> [WORK REQUIRED]
Reproduce, word for word, all of the records; the pictures stay out.

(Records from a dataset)
________________________________________

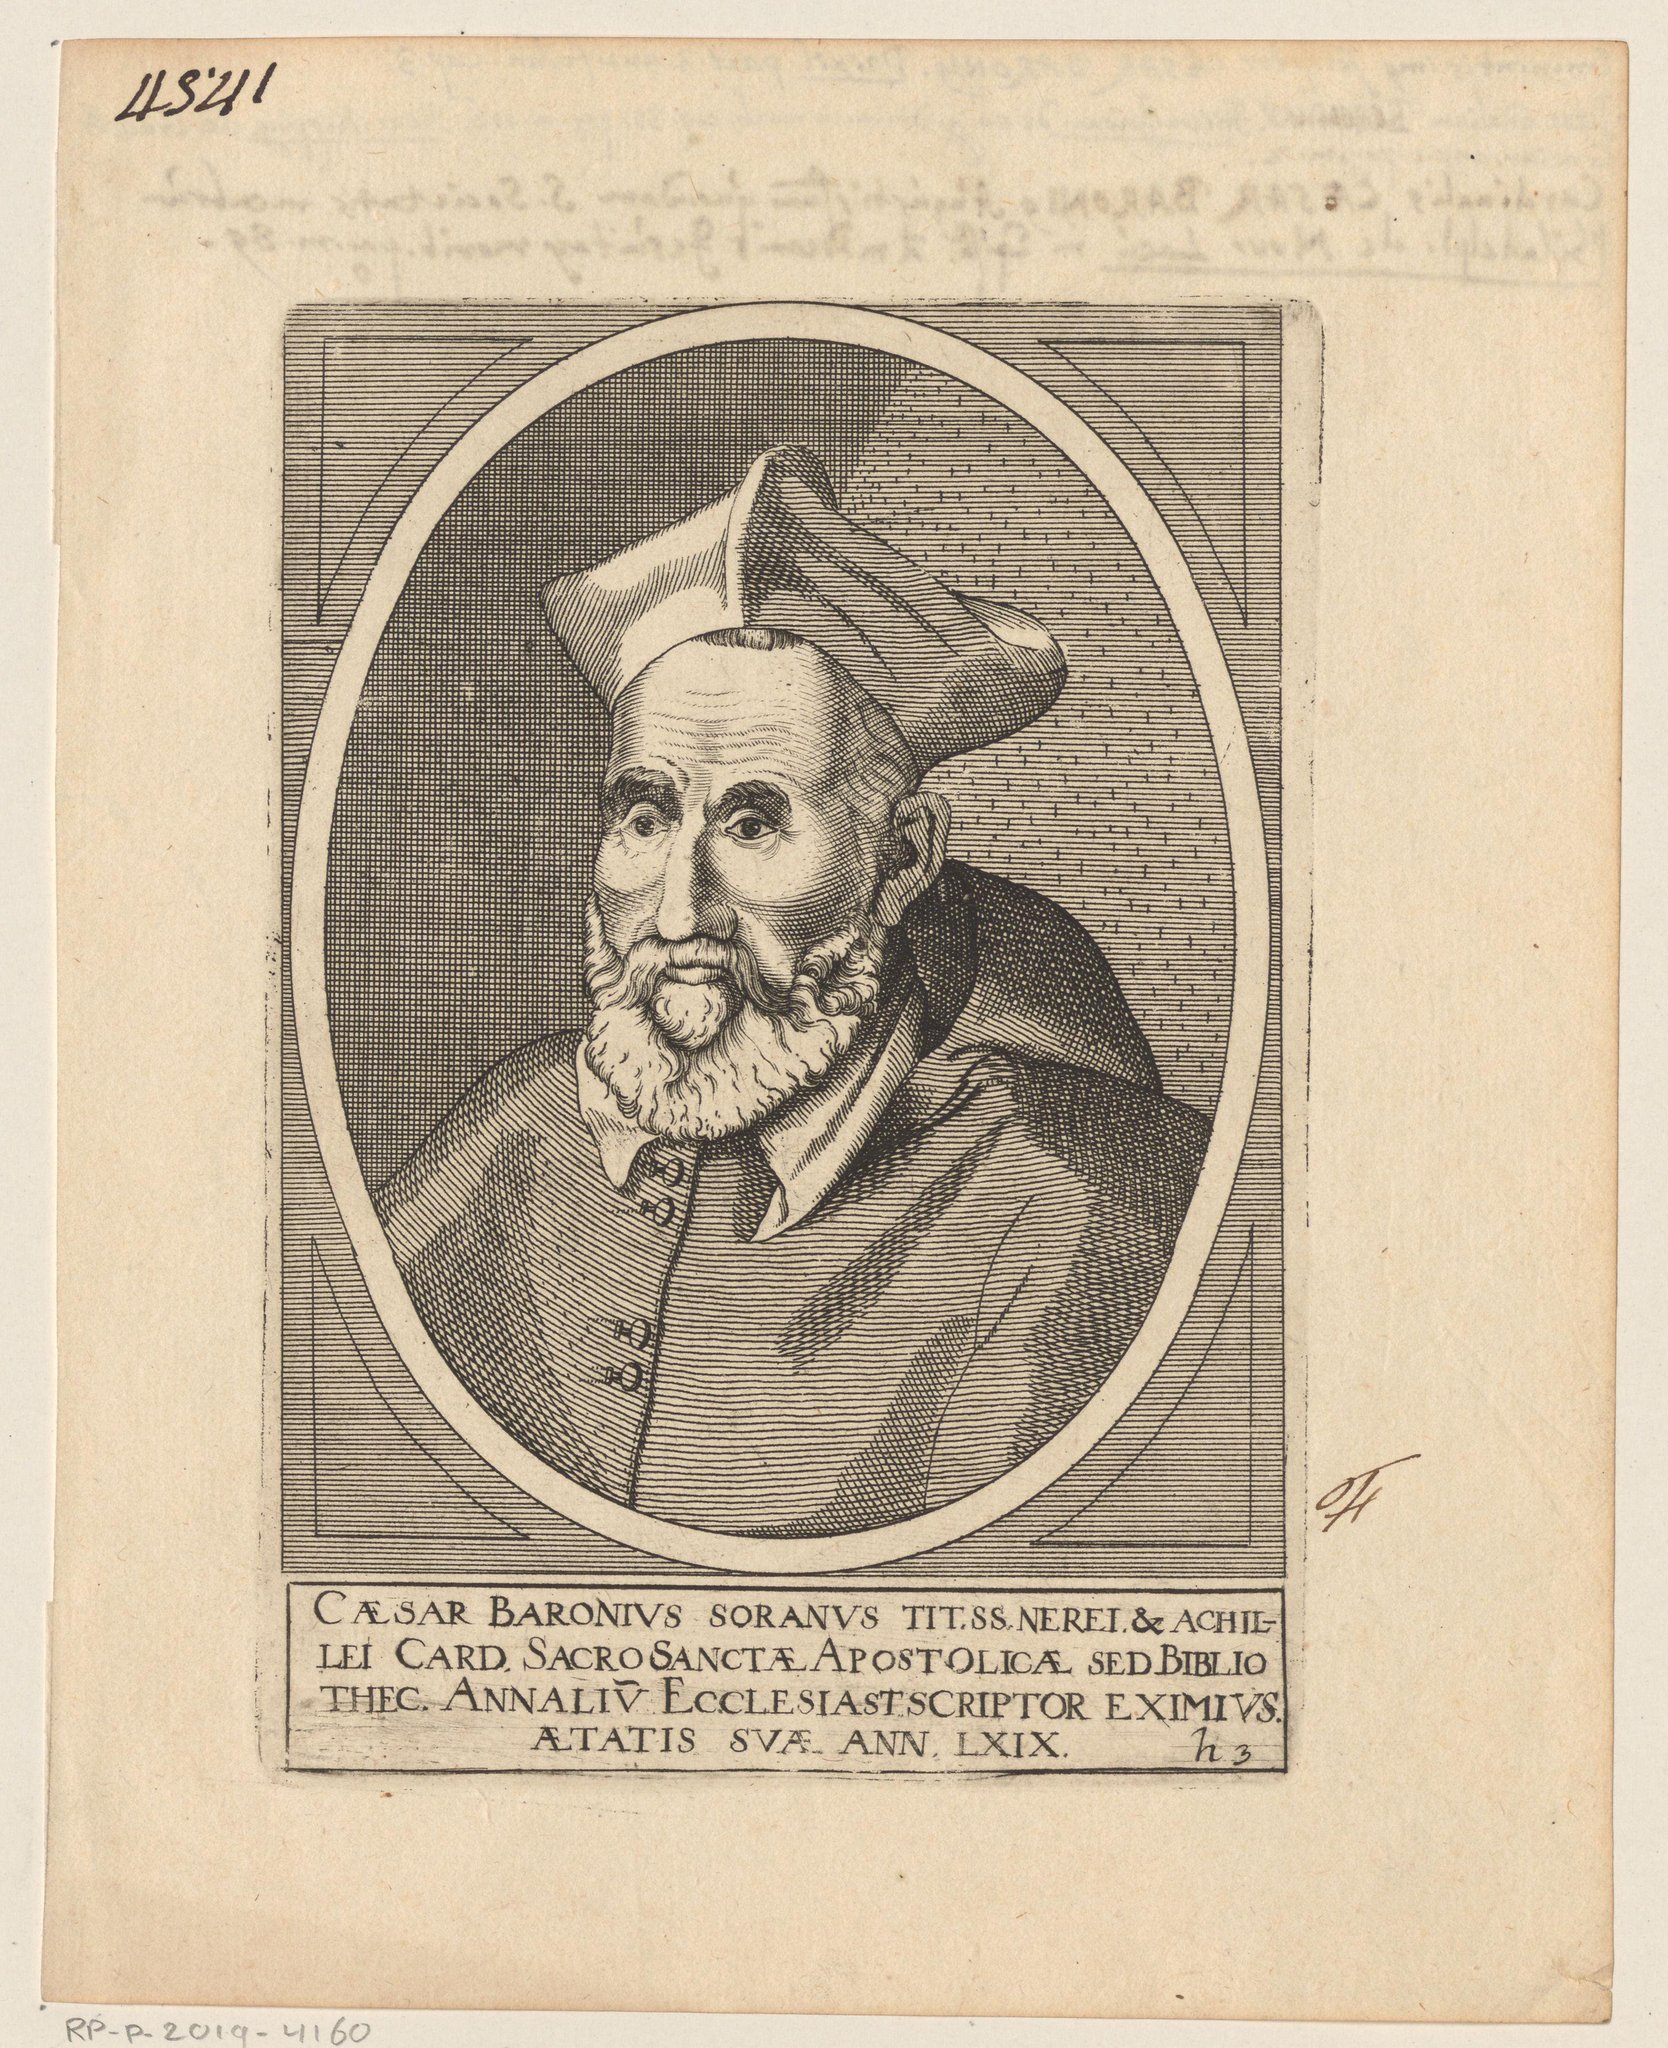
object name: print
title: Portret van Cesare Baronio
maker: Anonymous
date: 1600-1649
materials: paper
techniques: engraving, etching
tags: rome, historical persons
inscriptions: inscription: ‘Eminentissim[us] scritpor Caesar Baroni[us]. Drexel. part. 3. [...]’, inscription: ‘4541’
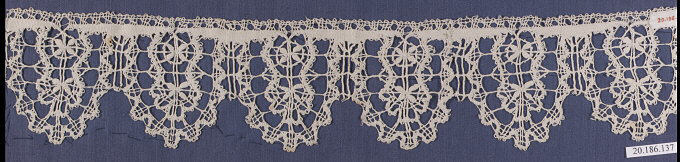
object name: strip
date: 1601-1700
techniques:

________________________________________

> [REPLY]
object name: print
title: Portret van Cesare Baronio
maker: Anonymous
date: 1600-1649
materials: paper
techniques: engraving, etching
tags: rome, historical persons
inscriptions: inscription: ‘Eminentissim[us] scritpor Caesar Baroni[us]. Drexel. part. 3. [...]’, inscription: ‘4541’
object name: strip
date: 1601-1700
techniques:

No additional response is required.